EDF vient d’entrer au capital d’Otrera New Energy, une startup française qui développe un réacteur à neutrons rapides refroidi au sodium. La levée de fonds s’élève à 17 millions d’euros. À première lecture, c’est un ticket modeste pour un géant de l’énergie. En réalité, selon Frenchweb, cette opération révèle un changement structurel dans la manière dont la filière nucléaire française se prépare aux décennies à venir.
De la maîtrise d’ouvrage intégrée au portefeuille de startups
Pendant des décennies, l’innovation nucléaire française suivait un schéma fixe : l’État définit, le CEA recherche, Framatome industrialise, EDF exploite. Les cycles duraient 20 à 30 ans. Les programmes étaient concentrés sur quelques architectures jugées stratégiques.
Ce modèle ne suffit plus. Le paysage technologique du nucléaire se fragmente : petits réacteurs modulaires (SMR), réacteurs avancés (AMR), filières au sodium, au plomb, aux sels fondus. Aucun acteur ne peut financer seul toutes ces trajectoires en parallèle.
EDF adopte donc une posture proche de celle des grands groupes de l’aéronautique ou des semi-conducteurs : constituer un portefeuille de participations dans plusieurs startups pour maintenir des options ouvertes sur plusieurs technologies. Certaines échoueront. D’autres fourniront des composants réutilisables. Quelques-unes deviendront peut-être des leaders industriels.
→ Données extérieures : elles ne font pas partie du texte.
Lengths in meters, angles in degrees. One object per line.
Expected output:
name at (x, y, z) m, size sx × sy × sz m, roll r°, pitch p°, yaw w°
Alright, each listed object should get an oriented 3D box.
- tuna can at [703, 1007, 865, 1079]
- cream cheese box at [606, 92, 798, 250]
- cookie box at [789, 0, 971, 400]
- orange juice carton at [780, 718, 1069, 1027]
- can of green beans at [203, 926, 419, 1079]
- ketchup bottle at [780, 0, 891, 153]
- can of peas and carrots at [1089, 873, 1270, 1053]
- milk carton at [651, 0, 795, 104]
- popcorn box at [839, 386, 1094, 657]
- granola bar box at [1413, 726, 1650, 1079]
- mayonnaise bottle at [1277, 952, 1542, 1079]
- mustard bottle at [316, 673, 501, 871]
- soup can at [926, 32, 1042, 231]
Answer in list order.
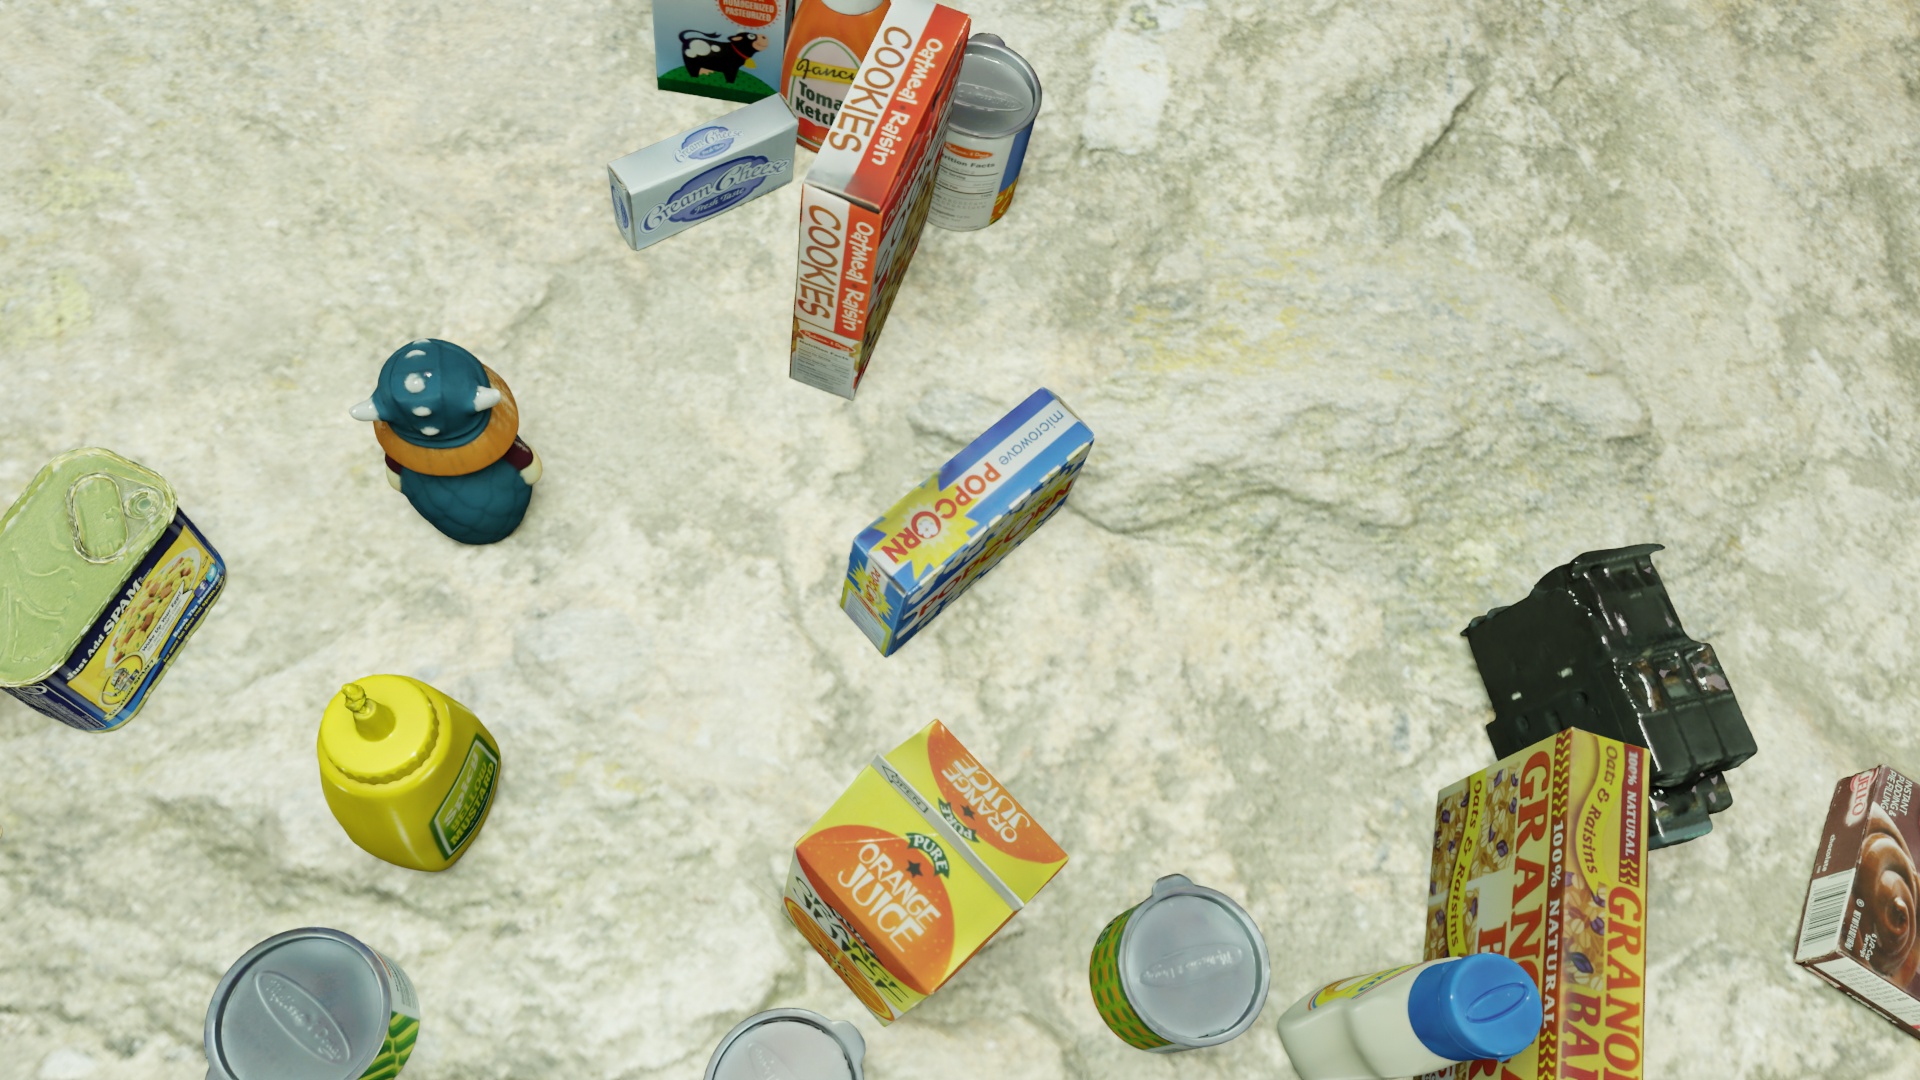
tuna can at (-0.072, 0.229, 0.578) m, size 0.071 × 0.032 × 0.071 m, roll 4°, pitch 66°, yaw -8°
cream cheese box at (-0.136, -0.197, 0.744) m, size 0.104 × 0.053 × 0.024 m, roll -30°, pitch 75°, yaw -20°
cookie box at (-0.042, -0.163, 0.683) m, size 0.040 × 0.166 × 0.123 m, roll 20°, pitch 65°, yaw -1°
orange juice carton at (-0.018, 0.132, 0.542) m, size 0.073 × 0.191 × 0.072 m, roll -40°, pitch 78°, yaw -22°
can of green beans at (-0.254, 0.191, 0.550) m, size 0.071 × 0.057 × 0.071 m, roll 4°, pitch 66°, yaw -8°
ketchup bottle at (-0.061, -0.265, 0.735) m, size 0.065 × 0.148 × 0.044 m, roll 19°, pitch 65°, yaw -1°
can of peas and carrots at (0.094, 0.187, 0.611) m, size 0.071 × 0.058 × 0.071 m, roll 4°, pitch 66°, yaw -8°
milk carton at (-0.122, -0.320, 0.726) m, size 0.073 × 0.189 × 0.072 m, roll 7°, pitch 66°, yaw -7°
popcorn box at (0.002, -0.008, 0.667) m, size 0.127 × 0.085 × 0.038 m, roll -40°, pitch 78°, yaw -22°
granola bar box at (0.247, 0.178, 0.604) m, size 0.039 × 0.123 × 0.166 m, roll 16°, pitch 65°, yaw -2°
mayonnaise bottle at (0.185, 0.197, 0.573) m, size 0.065 × 0.147 × 0.041 m, roll -18°, pitch 71°, yaw -17°
mustard bottle at (-0.219, 0.087, 0.546) m, size 0.049 × 0.159 × 0.065 m, roll 20°, pitch 65°, yaw -1°
soup can at (0.005, -0.223, 0.763) m, size 0.071 × 0.083 × 0.071 m, roll 4°, pitch 66°, yaw -8°

Pourquoi le sodium, et pourquoi maintenant ?
Les réacteurs à neutrons rapides refroidis au sodium ne sont pas une rupture scientifique. La France dispose d’un héritage solide : les programmes Phénix et Superphénix, ainsi que des décennies de recherche au CEA. Otrera ne réinvente pas la technologie. Elle tente de transformer ce patrimoine en un produit industriel compétitif.
Le “pourquoi maintenant” est plus direct : la demande électrique repart à la hausse, fortement. L’IA, les data centers, l’électrification industrielle et la réindustrialisation modifient durablement les trajectoires de consommation. Les hyperscalers investissent des dizaines de milliards dans de nouvelles infrastructures de calcul dont les besoins énergétiques se chiffrent en centaines de mégawatts, voire en gigawatts.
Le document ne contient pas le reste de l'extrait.